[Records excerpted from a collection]
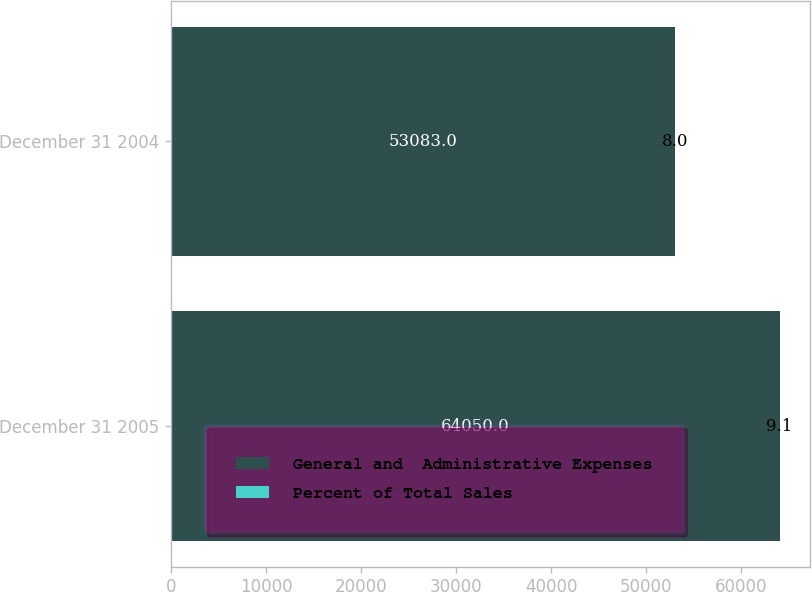<chart> <loc_0><loc_0><loc_500><loc_500><stacked_bar_chart><ecel><fcel>December 31 2005<fcel>December 31 2004<nl><fcel>General and  Administrative Expenses<fcel>64050<fcel>53083<nl><fcel>Percent of Total Sales<fcel>9.1<fcel>8<nl></chart> 
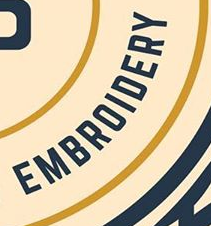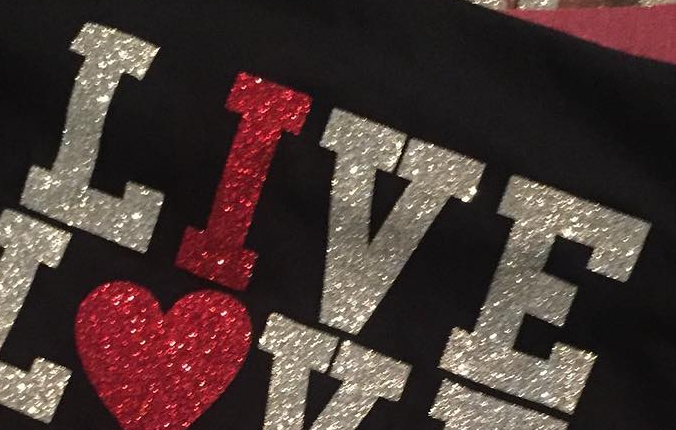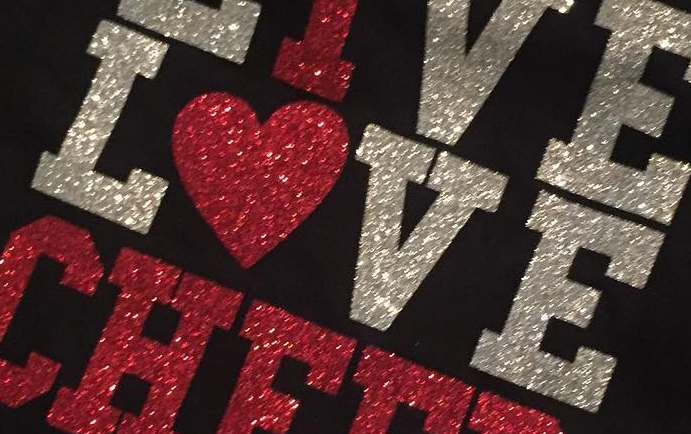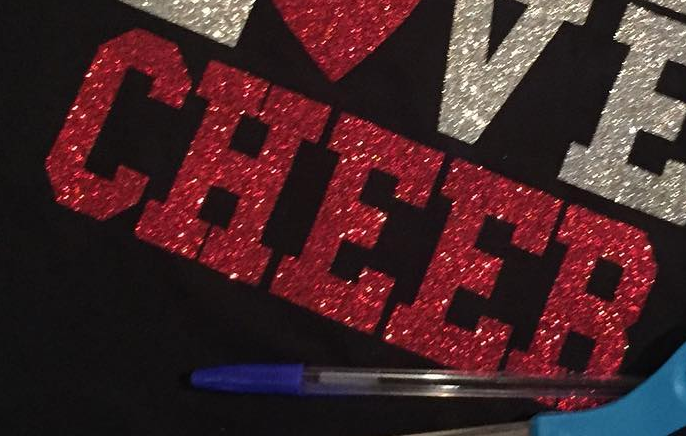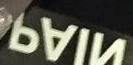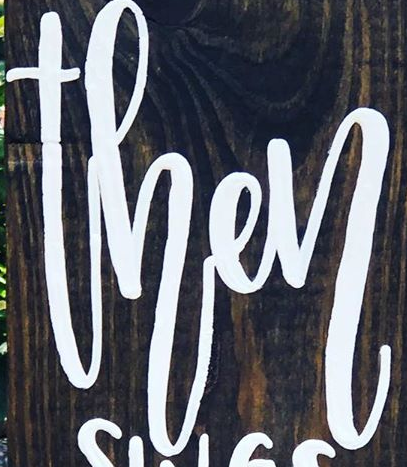Transcribe the words shown in these images in order, separated by a semicolon. EMBROIDERY; LIVE; LOVE; CHEER; NIAP; then 
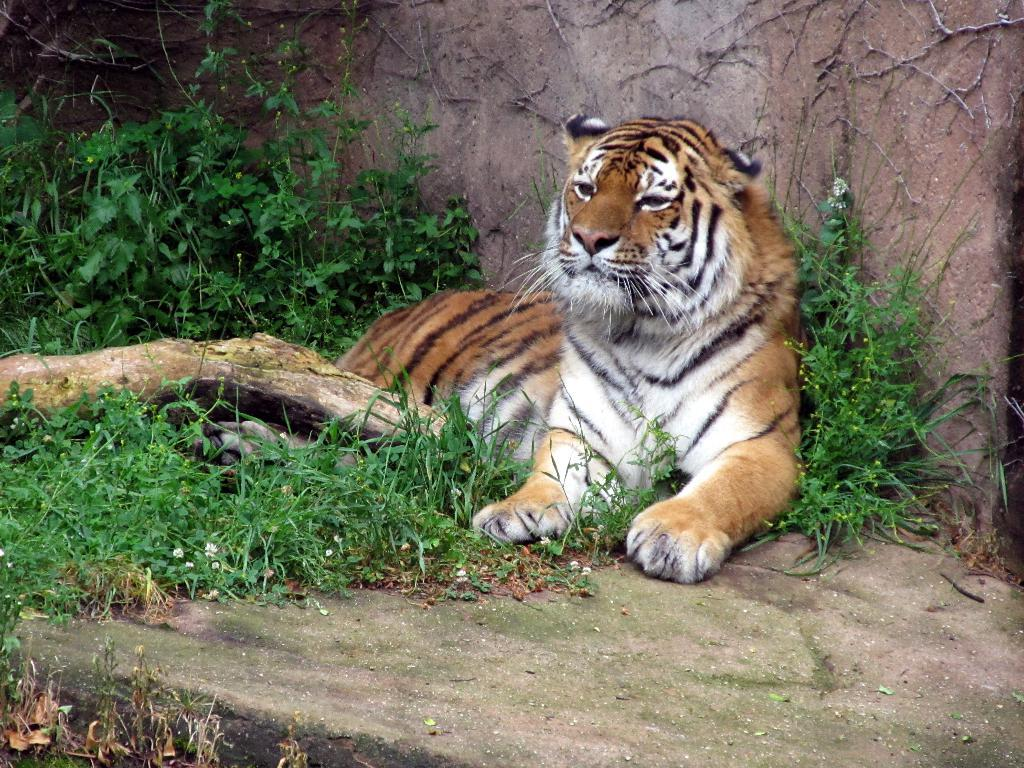What animal is the main subject of the image? There is a tiger in the image. What type of environment is the tiger in? There is green grass beside the tiger. What other object is near the tiger? There is a log beside the tiger. What can be seen in the background of the image? There is a wall in the background. What type of tooth can be seen in the image? There is no tooth present in the image; it features a tiger in a natural environment. 
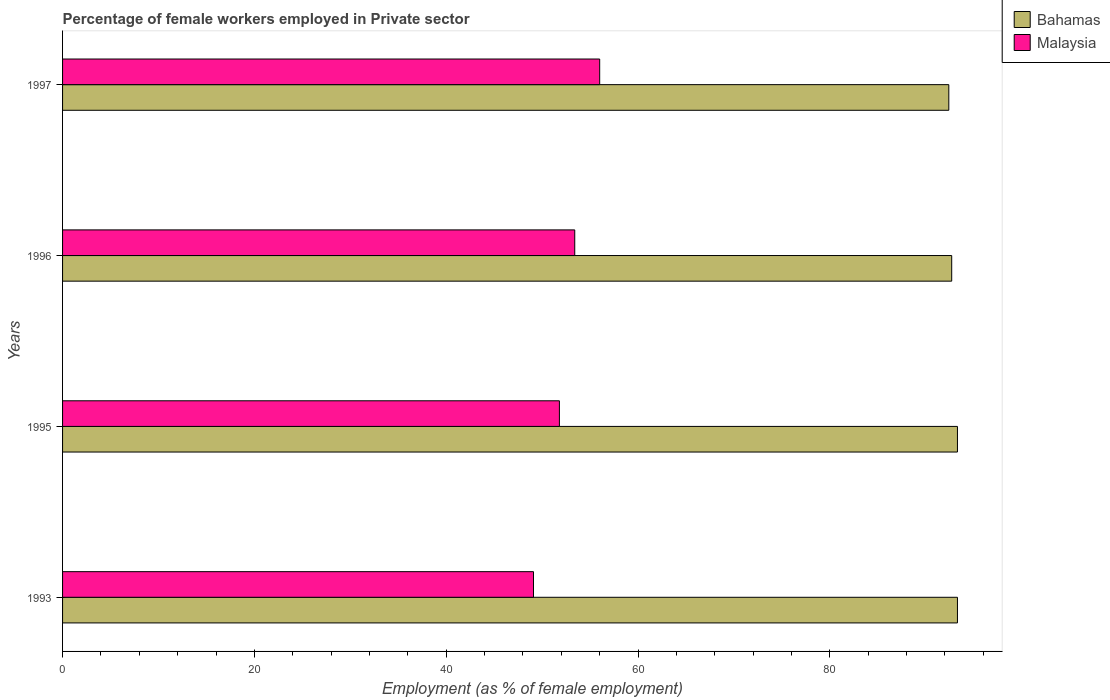Are the number of bars on each tick of the Y-axis equal?
Your answer should be compact. Yes. What is the label of the 4th group of bars from the top?
Provide a succinct answer. 1993. What is the percentage of females employed in Private sector in Malaysia in 1996?
Provide a short and direct response. 53.4. Across all years, what is the maximum percentage of females employed in Private sector in Malaysia?
Offer a very short reply. 56. Across all years, what is the minimum percentage of females employed in Private sector in Malaysia?
Your answer should be compact. 49.1. In which year was the percentage of females employed in Private sector in Bahamas minimum?
Provide a short and direct response. 1997. What is the total percentage of females employed in Private sector in Bahamas in the graph?
Offer a terse response. 371.7. What is the difference between the percentage of females employed in Private sector in Malaysia in 1993 and that in 1997?
Make the answer very short. -6.9. What is the difference between the percentage of females employed in Private sector in Malaysia in 1993 and the percentage of females employed in Private sector in Bahamas in 1995?
Offer a very short reply. -44.2. What is the average percentage of females employed in Private sector in Malaysia per year?
Offer a terse response. 52.57. In the year 1995, what is the difference between the percentage of females employed in Private sector in Bahamas and percentage of females employed in Private sector in Malaysia?
Offer a terse response. 41.5. In how many years, is the percentage of females employed in Private sector in Malaysia greater than 84 %?
Provide a short and direct response. 0. What is the ratio of the percentage of females employed in Private sector in Bahamas in 1993 to that in 1997?
Keep it short and to the point. 1.01. Is the percentage of females employed in Private sector in Malaysia in 1995 less than that in 1996?
Your answer should be very brief. Yes. Is the difference between the percentage of females employed in Private sector in Bahamas in 1993 and 1995 greater than the difference between the percentage of females employed in Private sector in Malaysia in 1993 and 1995?
Your answer should be very brief. Yes. What is the difference between the highest and the lowest percentage of females employed in Private sector in Malaysia?
Your answer should be compact. 6.9. Is the sum of the percentage of females employed in Private sector in Bahamas in 1993 and 1996 greater than the maximum percentage of females employed in Private sector in Malaysia across all years?
Ensure brevity in your answer.  Yes. What does the 2nd bar from the top in 1993 represents?
Your response must be concise. Bahamas. What does the 2nd bar from the bottom in 1997 represents?
Your answer should be compact. Malaysia. Are all the bars in the graph horizontal?
Offer a very short reply. Yes. Are the values on the major ticks of X-axis written in scientific E-notation?
Ensure brevity in your answer.  No. Does the graph contain grids?
Keep it short and to the point. No. How many legend labels are there?
Provide a succinct answer. 2. How are the legend labels stacked?
Provide a succinct answer. Vertical. What is the title of the graph?
Offer a very short reply. Percentage of female workers employed in Private sector. What is the label or title of the X-axis?
Offer a very short reply. Employment (as % of female employment). What is the Employment (as % of female employment) in Bahamas in 1993?
Offer a very short reply. 93.3. What is the Employment (as % of female employment) of Malaysia in 1993?
Make the answer very short. 49.1. What is the Employment (as % of female employment) of Bahamas in 1995?
Your answer should be very brief. 93.3. What is the Employment (as % of female employment) of Malaysia in 1995?
Give a very brief answer. 51.8. What is the Employment (as % of female employment) of Bahamas in 1996?
Make the answer very short. 92.7. What is the Employment (as % of female employment) in Malaysia in 1996?
Offer a very short reply. 53.4. What is the Employment (as % of female employment) in Bahamas in 1997?
Your response must be concise. 92.4. What is the Employment (as % of female employment) in Malaysia in 1997?
Offer a very short reply. 56. Across all years, what is the maximum Employment (as % of female employment) in Bahamas?
Give a very brief answer. 93.3. Across all years, what is the minimum Employment (as % of female employment) of Bahamas?
Make the answer very short. 92.4. Across all years, what is the minimum Employment (as % of female employment) of Malaysia?
Offer a very short reply. 49.1. What is the total Employment (as % of female employment) of Bahamas in the graph?
Provide a short and direct response. 371.7. What is the total Employment (as % of female employment) of Malaysia in the graph?
Offer a terse response. 210.3. What is the difference between the Employment (as % of female employment) in Bahamas in 1993 and that in 1995?
Make the answer very short. 0. What is the difference between the Employment (as % of female employment) in Bahamas in 1993 and that in 1996?
Ensure brevity in your answer.  0.6. What is the difference between the Employment (as % of female employment) in Malaysia in 1993 and that in 1996?
Provide a succinct answer. -4.3. What is the difference between the Employment (as % of female employment) of Bahamas in 1993 and that in 1997?
Make the answer very short. 0.9. What is the difference between the Employment (as % of female employment) of Bahamas in 1995 and that in 1996?
Provide a short and direct response. 0.6. What is the difference between the Employment (as % of female employment) of Malaysia in 1995 and that in 1997?
Make the answer very short. -4.2. What is the difference between the Employment (as % of female employment) of Bahamas in 1996 and that in 1997?
Your answer should be compact. 0.3. What is the difference between the Employment (as % of female employment) in Bahamas in 1993 and the Employment (as % of female employment) in Malaysia in 1995?
Your answer should be compact. 41.5. What is the difference between the Employment (as % of female employment) of Bahamas in 1993 and the Employment (as % of female employment) of Malaysia in 1996?
Ensure brevity in your answer.  39.9. What is the difference between the Employment (as % of female employment) in Bahamas in 1993 and the Employment (as % of female employment) in Malaysia in 1997?
Provide a succinct answer. 37.3. What is the difference between the Employment (as % of female employment) of Bahamas in 1995 and the Employment (as % of female employment) of Malaysia in 1996?
Offer a very short reply. 39.9. What is the difference between the Employment (as % of female employment) in Bahamas in 1995 and the Employment (as % of female employment) in Malaysia in 1997?
Make the answer very short. 37.3. What is the difference between the Employment (as % of female employment) in Bahamas in 1996 and the Employment (as % of female employment) in Malaysia in 1997?
Keep it short and to the point. 36.7. What is the average Employment (as % of female employment) in Bahamas per year?
Your response must be concise. 92.92. What is the average Employment (as % of female employment) of Malaysia per year?
Your answer should be compact. 52.58. In the year 1993, what is the difference between the Employment (as % of female employment) in Bahamas and Employment (as % of female employment) in Malaysia?
Give a very brief answer. 44.2. In the year 1995, what is the difference between the Employment (as % of female employment) of Bahamas and Employment (as % of female employment) of Malaysia?
Your answer should be compact. 41.5. In the year 1996, what is the difference between the Employment (as % of female employment) in Bahamas and Employment (as % of female employment) in Malaysia?
Your answer should be very brief. 39.3. In the year 1997, what is the difference between the Employment (as % of female employment) of Bahamas and Employment (as % of female employment) of Malaysia?
Offer a very short reply. 36.4. What is the ratio of the Employment (as % of female employment) in Bahamas in 1993 to that in 1995?
Ensure brevity in your answer.  1. What is the ratio of the Employment (as % of female employment) in Malaysia in 1993 to that in 1995?
Your answer should be compact. 0.95. What is the ratio of the Employment (as % of female employment) of Malaysia in 1993 to that in 1996?
Your answer should be compact. 0.92. What is the ratio of the Employment (as % of female employment) in Bahamas in 1993 to that in 1997?
Provide a short and direct response. 1.01. What is the ratio of the Employment (as % of female employment) in Malaysia in 1993 to that in 1997?
Provide a short and direct response. 0.88. What is the ratio of the Employment (as % of female employment) of Bahamas in 1995 to that in 1997?
Your answer should be compact. 1.01. What is the ratio of the Employment (as % of female employment) in Malaysia in 1995 to that in 1997?
Ensure brevity in your answer.  0.93. What is the ratio of the Employment (as % of female employment) of Bahamas in 1996 to that in 1997?
Make the answer very short. 1. What is the ratio of the Employment (as % of female employment) in Malaysia in 1996 to that in 1997?
Your answer should be very brief. 0.95. What is the difference between the highest and the second highest Employment (as % of female employment) in Bahamas?
Give a very brief answer. 0. What is the difference between the highest and the lowest Employment (as % of female employment) in Bahamas?
Offer a very short reply. 0.9. What is the difference between the highest and the lowest Employment (as % of female employment) of Malaysia?
Keep it short and to the point. 6.9. 
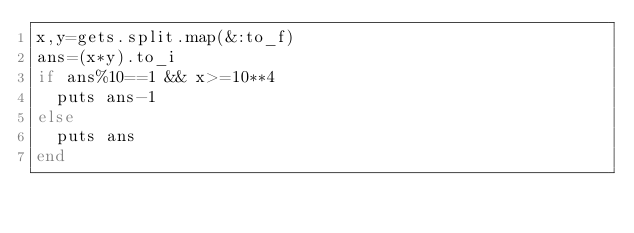<code> <loc_0><loc_0><loc_500><loc_500><_Ruby_>x,y=gets.split.map(&:to_f)
ans=(x*y).to_i
if ans%10==1 && x>=10**4
  puts ans-1
else
  puts ans
end
</code> 
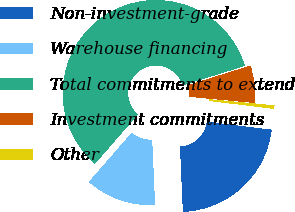Convert chart to OTSL. <chart><loc_0><loc_0><loc_500><loc_500><pie_chart><fcel>Non-investment-grade<fcel>Warehouse financing<fcel>Total commitments to extend<fcel>Investment commitments<fcel>Other<nl><fcel>22.32%<fcel>12.13%<fcel>58.77%<fcel>6.3%<fcel>0.47%<nl></chart> 
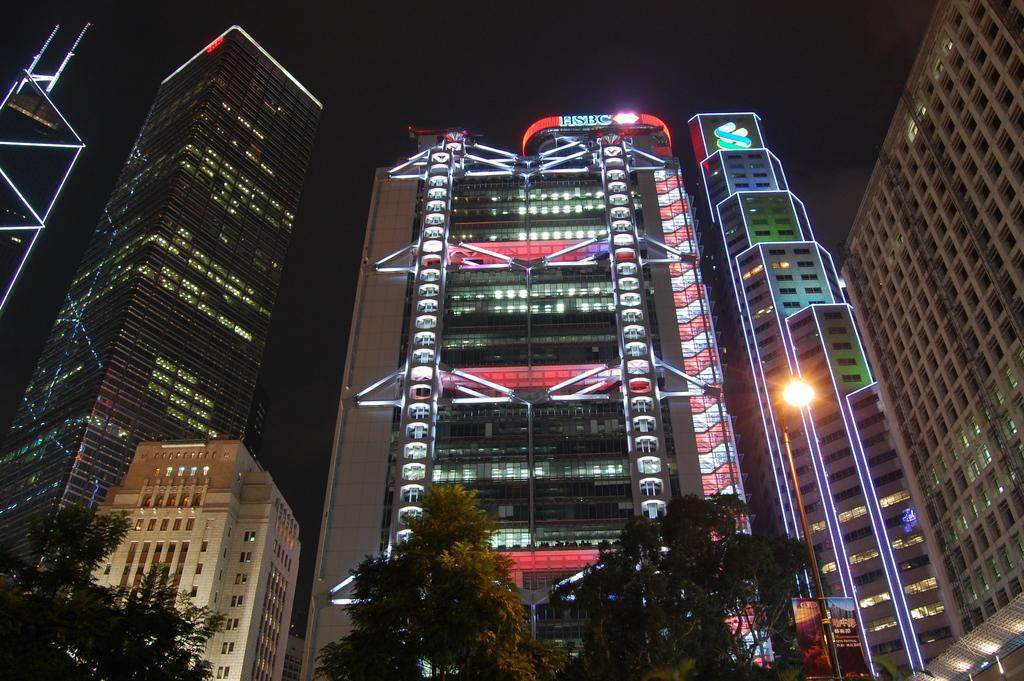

Your objective |
Every line from the one containing "ans=(x*y).to_i" through the last line of the data, both included, is to be repeated exactly; the pictures are to be left out.

Response to the exercise |
ans=(x*y).to_i
if ans%10==1 && x>=10**4
  puts ans-1
else
  puts ans
end
</code> 
Convert chart to OTSL. <chart><loc_0><loc_0><loc_500><loc_500><pie_chart><fcel>Non-investment-grade<fcel>Warehouse financing<fcel>Total commitments to extend<fcel>Investment commitments<fcel>Other<nl><fcel>22.32%<fcel>12.13%<fcel>58.77%<fcel>6.3%<fcel>0.47%<nl></chart> 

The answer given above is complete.